A new digital library based at UC San Diego aims to massively increase the number of drugs that can be easily detected in samples collected from patients, potentially allowing doctors and researchers to delve more deeply not just into what individuals may have taken or have been exposed to, but also into how those substances interact with each other in the body.
A paper published online Tuesday in the scientific journal Nature Communications describes the creation of the Global Natural Product Social Molecular Networking Drug Library, which allows broad analysis of drugs in patients’ systems by testing samples that range from breast milk to blood.

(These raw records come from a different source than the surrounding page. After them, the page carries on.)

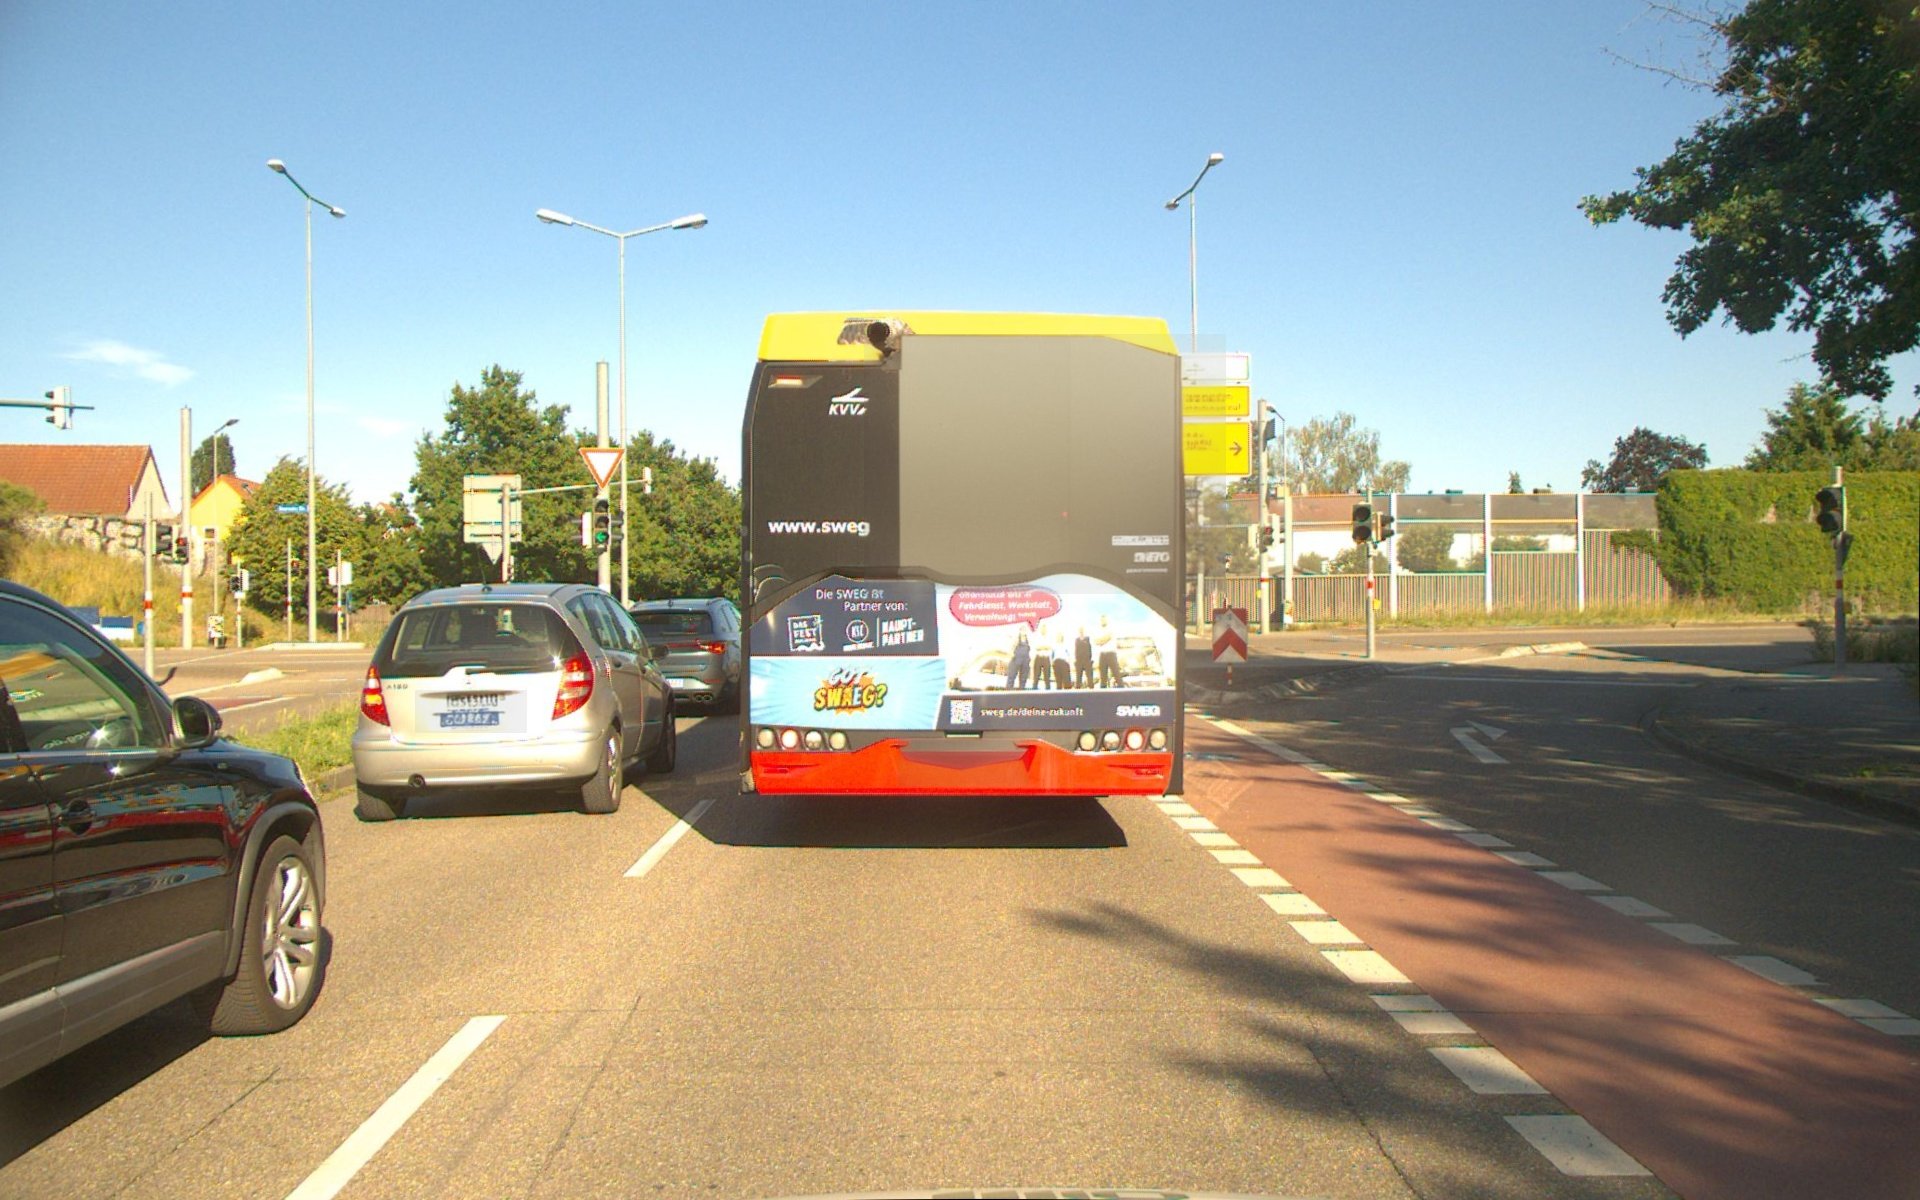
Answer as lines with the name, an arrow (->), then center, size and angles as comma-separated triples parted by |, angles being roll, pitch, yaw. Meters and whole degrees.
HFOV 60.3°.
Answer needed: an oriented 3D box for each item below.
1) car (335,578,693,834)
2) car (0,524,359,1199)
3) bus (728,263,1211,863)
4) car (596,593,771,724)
car -> -3.236, 0.682, 12.818 | 1.725, 1.617, 3.999 | -2, 0, -1
car -> -3.148, 0.690, 4.299 | 1.736, 1.682, 3.999 | -2, 0, -1
bus -> 0.017, -0.250, 14.889 | 2.589, 3.222, 11.860 | 0, 0, 0
car -> -3.460, 0.679, 21.292 | 1.658, 1.484, 3.750 | -2, 0, -1

Researchers collaborated with myriad organizations to pull together detailed data on 4,723 unique drugs, including information on nearly 100,000 elements they break down into. This work includes “fingerprints” for each molecule, which scientists often call “spectra,” a specific value produced when compounds are subjected to mass spectrometry, a common analytical tool that determines chemical composition.
Mass spectrometers can estimate all constituent chemicals in a sample, providing not just which molecules are present but also how much of the total volume each element contributes.

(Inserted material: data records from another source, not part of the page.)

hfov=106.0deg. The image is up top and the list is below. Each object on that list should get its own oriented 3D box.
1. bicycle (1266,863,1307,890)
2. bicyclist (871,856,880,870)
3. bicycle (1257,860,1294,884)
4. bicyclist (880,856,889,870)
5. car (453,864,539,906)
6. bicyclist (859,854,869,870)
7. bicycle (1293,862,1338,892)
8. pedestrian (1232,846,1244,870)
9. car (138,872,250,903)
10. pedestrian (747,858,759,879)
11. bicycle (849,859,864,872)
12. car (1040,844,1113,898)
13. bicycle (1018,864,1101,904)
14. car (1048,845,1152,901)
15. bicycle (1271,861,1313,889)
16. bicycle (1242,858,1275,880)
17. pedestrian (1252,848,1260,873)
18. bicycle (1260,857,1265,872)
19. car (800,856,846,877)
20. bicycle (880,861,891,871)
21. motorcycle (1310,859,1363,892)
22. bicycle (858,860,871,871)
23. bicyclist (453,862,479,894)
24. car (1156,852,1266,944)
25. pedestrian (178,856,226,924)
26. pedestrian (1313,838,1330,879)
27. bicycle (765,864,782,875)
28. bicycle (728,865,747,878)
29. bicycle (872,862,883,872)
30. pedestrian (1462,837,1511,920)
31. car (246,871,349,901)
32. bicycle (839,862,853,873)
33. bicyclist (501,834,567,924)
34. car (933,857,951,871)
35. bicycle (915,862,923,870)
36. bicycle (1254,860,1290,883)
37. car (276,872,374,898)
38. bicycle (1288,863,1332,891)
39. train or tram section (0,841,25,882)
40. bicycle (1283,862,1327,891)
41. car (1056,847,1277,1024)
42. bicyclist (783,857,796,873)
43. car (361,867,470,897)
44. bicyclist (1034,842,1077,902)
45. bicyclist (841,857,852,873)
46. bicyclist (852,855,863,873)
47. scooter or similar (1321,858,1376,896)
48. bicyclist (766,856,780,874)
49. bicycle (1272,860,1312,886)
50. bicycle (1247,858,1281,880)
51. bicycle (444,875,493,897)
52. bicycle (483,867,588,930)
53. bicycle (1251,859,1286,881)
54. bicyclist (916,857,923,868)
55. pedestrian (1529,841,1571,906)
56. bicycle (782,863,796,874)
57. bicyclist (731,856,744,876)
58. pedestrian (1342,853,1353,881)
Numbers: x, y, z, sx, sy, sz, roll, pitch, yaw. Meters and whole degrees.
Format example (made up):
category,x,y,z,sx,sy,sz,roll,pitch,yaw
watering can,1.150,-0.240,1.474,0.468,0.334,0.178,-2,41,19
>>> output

Here is where the UCSD-led effort takes things up a notch. While hundreds of different molecules are already routinely analyzed in medical and environmental testing, analysis tends to focus on a narrow set of targets. Untargeted analysis has been less common because there has been no single source of information available to help decode a large percentage of the readings that mass spectrometry analysis returns.
“Usually, we only understand, let’s say, 5% of all of the recorded molecules, and the other 95%, we know that there is a molecule there, but we just don’t know what it is,” said the paper’s co-first author Nina Zhao, a chemist and post-doctoral scientist in the laboratory of UCSD bioanalytical chemist Pieter Dorrestein.
But that is not because no one knows what the readouts and characteristics are for that other 95%. It’s just that no one has pulled the information into one compendium that can be easily referenced by the computer programs that analyze results. The key was to link drugs’ spectrographic fingerprints with the rest of the information about them, adding critical context that, with a single click, provides a full pharmacological readout, including information on what each drug is used to treat, how chemicals work in the body and even known sources of exposure.
Sources fall into five broad categories: medical, endogenous or of a person’s own body, food, personal care and industrial.
The research team included a global cast of collaborators from institutions in the Czech Republic, Norway and Spain. This group has already used the library to analyze samples collected from nearly 2,000 participants in the American Gut Project, an initiative that studies the diversity of microbes in the human digestive tract. And tests of more than 3,000 food products proved able to spot everything from antibiotics in meat to pesticides in vegetables.
“This library is really helping us make connections between drugs and different health conditions and diseases, so it’s really helping us to discover new things,” said co-first author Kine Eide Kvitne, a post-doctoral researcher and pharmacist in the lab of co-author Shirley Tsunoda.
Analysis of samples has generally shown what researchers expected; for example, those with inflammatory bowel disease showed a high frequency of antibiotics and skin swabs from subjects with psoriasis showed strong signals for antifungal agents often prescribed to those with skin lesions.
But there were also some differences visible across regions and genders. Americans were found to carry more detectable drugs than participating Europeans and Australians. Painkillers were more common in women; erectile dysfunction drugs were found in men.
While spotting what’s expected helps to validate methods, there were also indications that being able to identify a broad range of drugs can help researchers dig deeper. Investigators were able to group HIV-positive patients based on the drugs they were taking and observe differences in how their bodies processed those medications.
“We noticed that, despite them all being infected, their different drug usage was connected to changes of their gut microbiome,” Zhao said.
The ability to identify and annotate a larger group of drugs, then, expands the possibilities of metabolic analysis, potentially spotting interactions that were not visible with more-targeted analyses.
Michael Snyder, a professor of genetics at Stanford University and author of the book Genomics and Personalized Medicine, said that having such a broad library does offer the potential to identify less commonly targeted molecules, whether they come from drugs a person takes or from their environment.
“If you want a holistic picture of what’s going on in a person, you do need that information, so I do think this could give a more complete picture,” Snyder said.
One particularly intriguing area where a broad library could be relevant, he added, is in drug interactions.
“Let’s say you’re taking a bunch of drugs,” Snyder said. “We really don’t know how they interact with each other and, if we had enough of those spectra, we’d probably learn something pretty interesting.” Added spectra to second graf where we discuss fingerprints
And there are also efforts underway to use the library to spot drugs out in the world. In one instance, a ski resort is using the library to detect the possible presence of drugs in snow made from reclaimed water.